TRY IT:
Each line in the entries that has the word "page" has to be copied.

[Records from a data source]
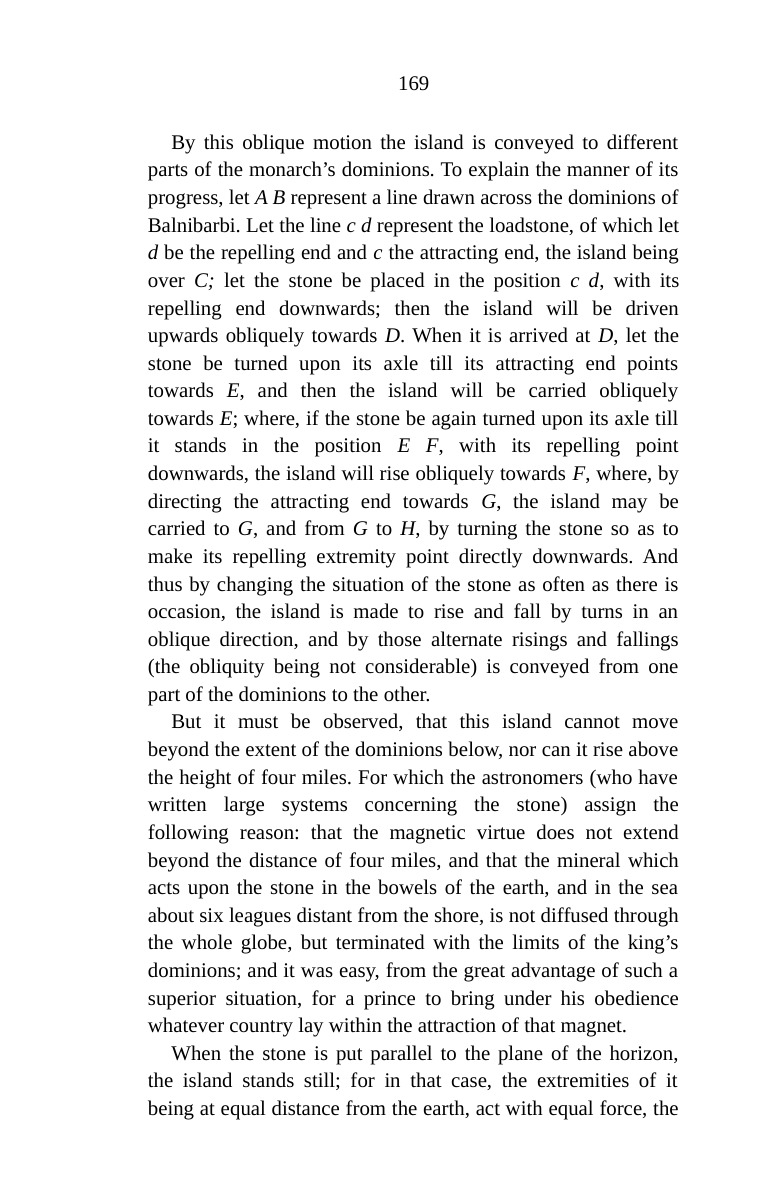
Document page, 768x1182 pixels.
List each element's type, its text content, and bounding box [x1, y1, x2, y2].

text But it must be observed, that this island cannot move beyond the extent of the dominions below, nor can it rise above the height of four miles. For which the astronomers (who have written large systems concerning the stone) assign the following reason: that the magnetic virtue does not extend beyond the distance of four miles, and that the mineral which acts upon the stone in the bowels of the earth, and in the sea about six leagues distant from the shore, is not diffused through the whole globe, but terminated with the limits of the king’s dominions; and it was easy, from the great advantage of such a superior situation, for a prince to bring under his obedience whatever country lay within the attraction of that magnet. [148, 709, 679, 1037]
text When the stone is put parallel to the plane of the horizon, the island stands still; for in that case, the extremities of it being at equal distance from the earth, act with equal force, the [148, 1041, 679, 1120]
text By this oblique motion the island is conveyed to different parts of the monarch’s dominions. To explain the manner of its progress, let A B represent a line drawn across the dominions of Balnibarbi. Let the line c d represent the loadstone, of which let d be the repelling end and c the attracting end, the island being over C; let the stone be placed in the position c d, with its repelling end downwards; then the island will be driven upwards obliquely towards D. When it is arrived at D, let the stone be turned upon its axle till its attracting end points towards E, and then the island will be carried obliquely towards E; where, if the stone be again turned upon its axle till it stands in the position E F, with its repelling point downwards, the island will rise obliquely towards F, where, by directing the attracting end towards G, the island may be carried to G, and from G to H, by turning the stone so as to make its repelling extremity point directly downwards. And thus by changing the situation of the stone as often as there is occasion, the island is made to rise and fall by turns in an oblique direction, and by those alternate risings and fallings (the obliquity being not considerable) is conveyed from one part of the dominions to the other. [148, 130, 679, 706]
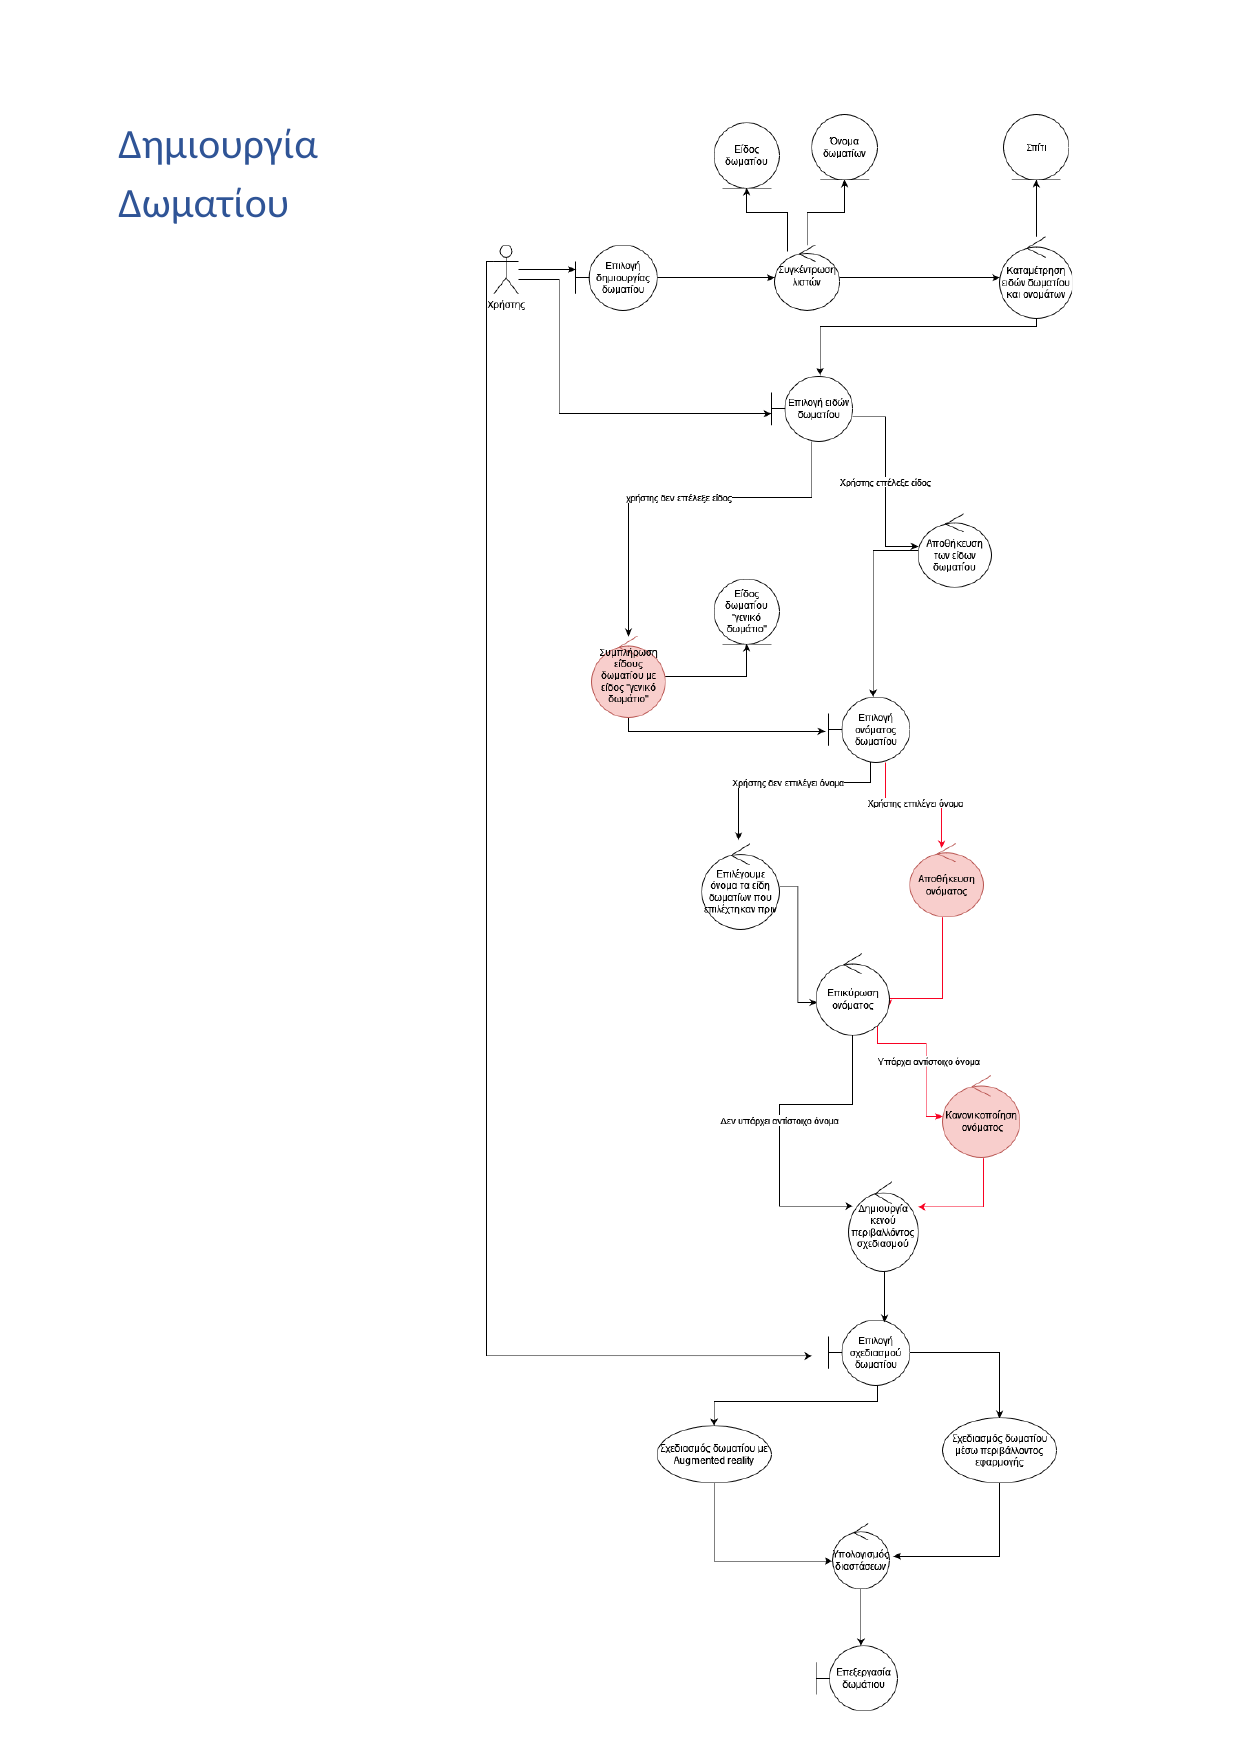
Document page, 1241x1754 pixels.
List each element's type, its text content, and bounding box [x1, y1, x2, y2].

RESULT OF THE EXERCISE:
Document page, 768x1182 pixels.
Document page, 1241x1754 pixels.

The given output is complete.